Thunder and now rain - no lightning yet. Stair rods of water bouncing
off the greenhouse roofs, so I hope everything in the garden soaks it
all up and has a lovely, refreshing drink.


No thanks Sacha, please keep it down there,
I've spent almost 5 hours yesterday and a further 2 hours this afternoon
watering and feeding the dahlias out the field, that seems to be a
problem with pots and coir,.
David from a pleasant, dry side of Swansea Bay.


I'd just like the Met Office to make up its mind. I know we can check
forecasts by different "providers" and there are some which are more
reliable but yesterday I saw "Dippy Derek" on BBC Wales saying you and
I will be dry till at least the weekend, then a national BBC presenter
saying you and I will get soaked tomorrow, the BBC weather site saying
only you will be getting wet and the Met Office web site warning of
rain for us both. That's four different forecasts from the same b*****
place within 5 minutes!


And attempting to match your desire is PRECISELY the reason that
the reports keep changing!

What most people will not admit (though most realise it) is that
predicting the weather is intrinsically a statistical matter, and
there is absolutely no possibility of giving definite, reliable
forecasts.
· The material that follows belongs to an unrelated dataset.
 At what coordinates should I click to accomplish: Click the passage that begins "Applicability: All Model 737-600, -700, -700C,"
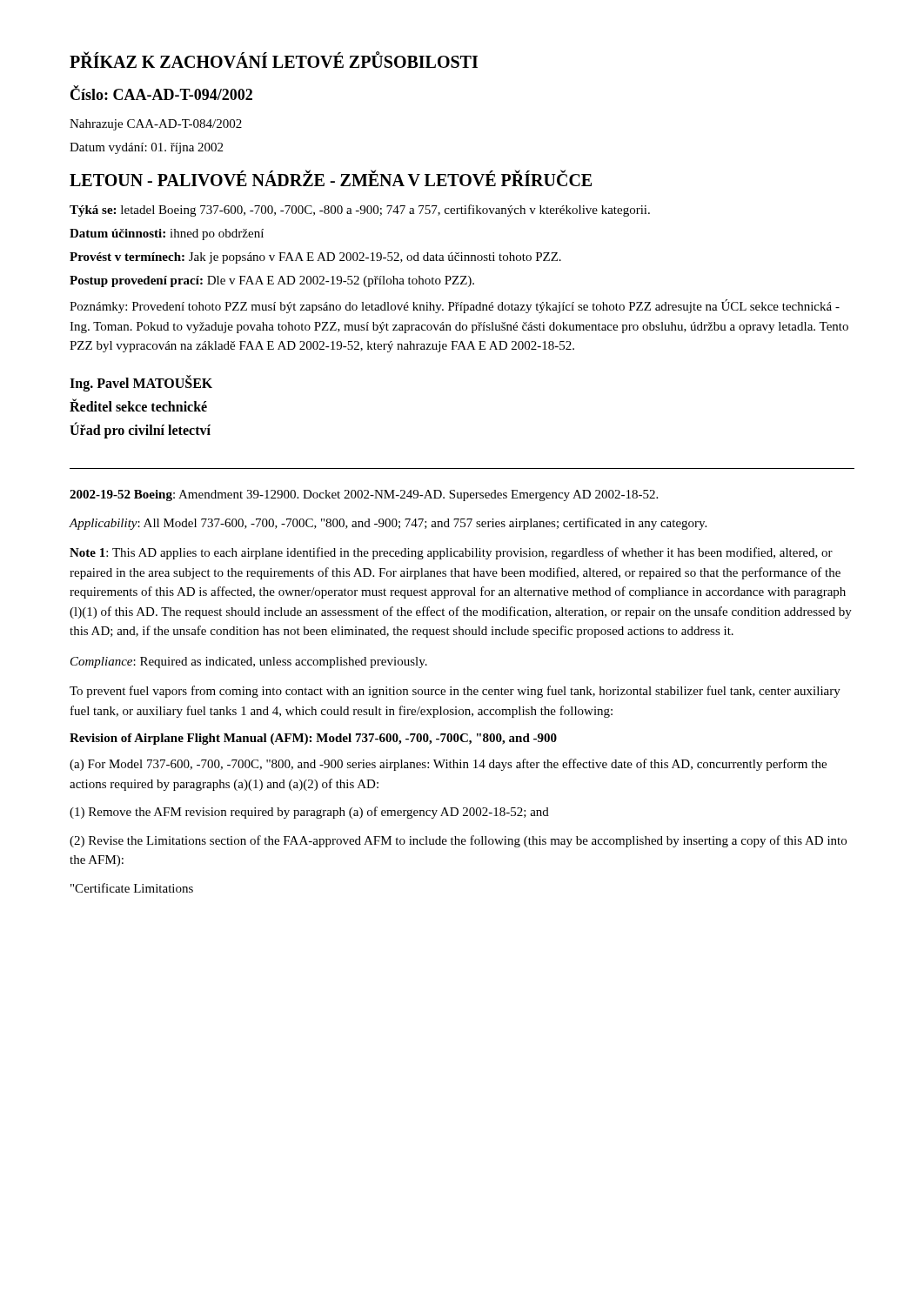389,522

What is more, the unreliability is not purely in
matters of degree, but in kind.

Back in the days when they concentrated on describing the likely
movements and properties of air masses, the presentation was
better (though the data available were MUCH worse). At least
the Met. Office's web page has improved by being less definite
in giving the probability of precipitation, but a reliable
forecast would need to be highly probabilistic and conditional.
I would dearly love to see them provide such a page for the
general public.

Note that this isn't something that can be improved by better
science, data, supercomputers or anything else - it's a basic
property of the problem and is insoluble in an absolute sense.
Pure mathematicians will know what I mean by that.


Regards,
Nick Maclaren.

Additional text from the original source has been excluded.